Guest Post by Austin Darrow: A Summer Party

I’ve always stressed to my students the importance of titles: “It’s the FIRST thing your reader will see! Make it exciting! Take a risk!”

Clearly, Billy, our district ELA coordinator, had internalized these ideas when he, the Friday before our summer Reader/Writer Workshop Institute began, sent out an inter-district email titled “Welcome to the Summer Party!” His email began, “Friends, I’m very excited to spend the next few weeks with you at our summer Workshop Institute! This is basically going to be just like summer camp, but for nerdy people who love to read, write, teach, and learn. 😊”

As both a millennial (who loves emojis) and a long-time self-identifying super nerd (who loves all the aforementioned activities), this introduction made the proceeding dozen bullet points of logistical details and harrowing announcement of a 30-minute daily BYO working lunch much easier to digest.

So here I was on a Friday afternoon, just a stones-throw away from college and having just finished my first year of teaching that day, actually excited to go back to school! What happened to the days of skipping morning university classes?

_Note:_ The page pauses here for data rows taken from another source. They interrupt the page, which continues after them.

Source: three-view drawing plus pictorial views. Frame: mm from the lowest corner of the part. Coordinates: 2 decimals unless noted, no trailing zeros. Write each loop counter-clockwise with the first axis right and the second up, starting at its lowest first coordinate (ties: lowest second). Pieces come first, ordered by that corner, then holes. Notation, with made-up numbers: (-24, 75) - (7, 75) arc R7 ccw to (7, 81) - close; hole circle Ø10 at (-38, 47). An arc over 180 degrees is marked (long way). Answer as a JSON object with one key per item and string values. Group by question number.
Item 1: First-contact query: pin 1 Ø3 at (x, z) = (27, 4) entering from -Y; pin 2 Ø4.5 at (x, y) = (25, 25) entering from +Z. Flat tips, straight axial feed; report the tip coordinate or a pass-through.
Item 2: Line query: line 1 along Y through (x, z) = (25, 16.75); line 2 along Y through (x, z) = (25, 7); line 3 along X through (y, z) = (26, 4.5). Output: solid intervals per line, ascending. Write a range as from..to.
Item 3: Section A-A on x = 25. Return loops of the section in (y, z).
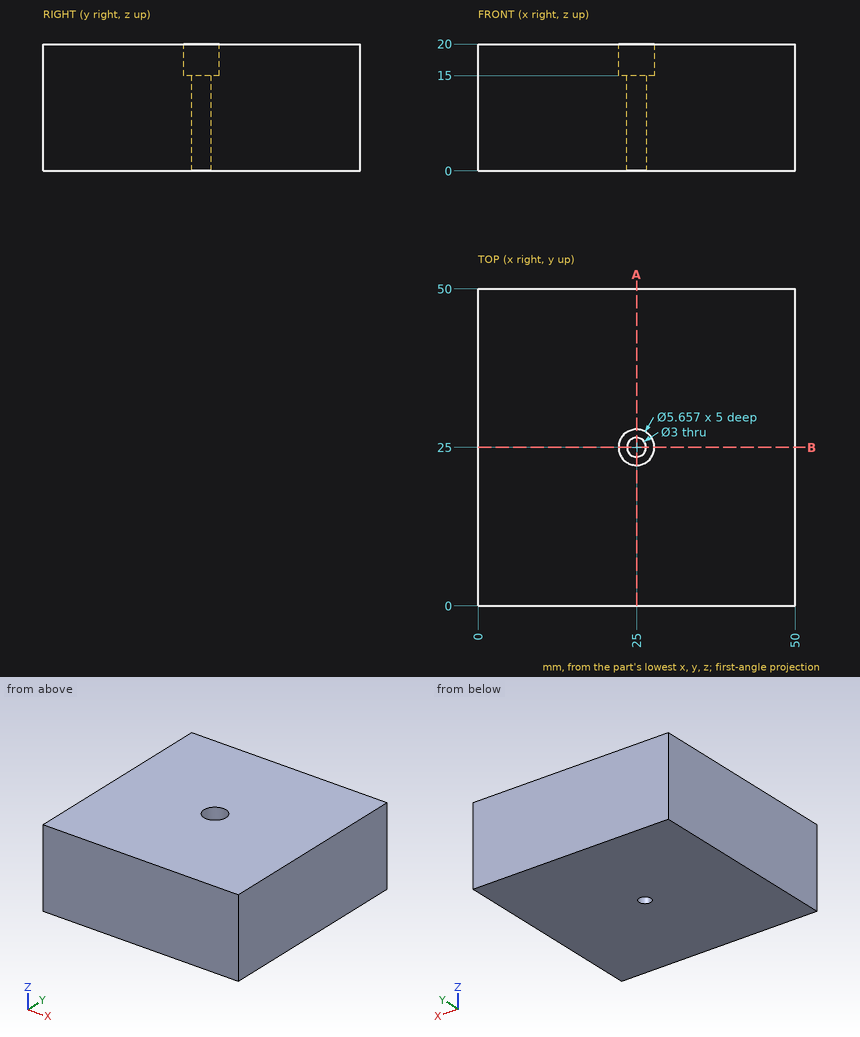
Checks:
{
 "1": {"pin 1": "y = 0", "pin 2": "z = 15"},
 "2": {"line 1": "0..22.17, 27.83..50", "line 2": "0..23.5, 26.5..50", "line 3": "0..23.88, 26.12..50"},
 "3": {"outline": "(0, 0) - (23.5, 0) - (23.5, 15) - (22.17, 15) - (22.17, 20) - (0, 20) - close; (26.5, 0) - (50, 0) - (50, 20) - (27.83, 20) - (27.83, 15) - (26.5, 15) - close"}
}

I pinched myself, checked my pulse, and drank a third cup of coffee, wondering what this year had done with the old Austin.

Day one began. I observed a few things as we got started: most teachers, myself included, sat with others from their own high school (I promised myself to remember this next time I asked my students to sit with somebody they didn’t know); there was a mixed aura of both excitement and uncertainty in the air; there were stacks of intriguing books and composition notebooks all around. But the most significant observation I made was about my internal expectations. Having just finished a year of implementing R/W workshop, I was excited to hone that craft. I knew I had significant room to grow in helping students become writers. I was fully expecting to love the time spent with colleagues each morning. But—I was also expecting to enjoy my time spent with students less—students who were there because they had failed the English STAAR test. Students who had likely been beat down by the system the majority of their lives. Students who probably lacked motivation or engagement. I was prepping myself to “push through” each afternoon. Boy, was I wrong.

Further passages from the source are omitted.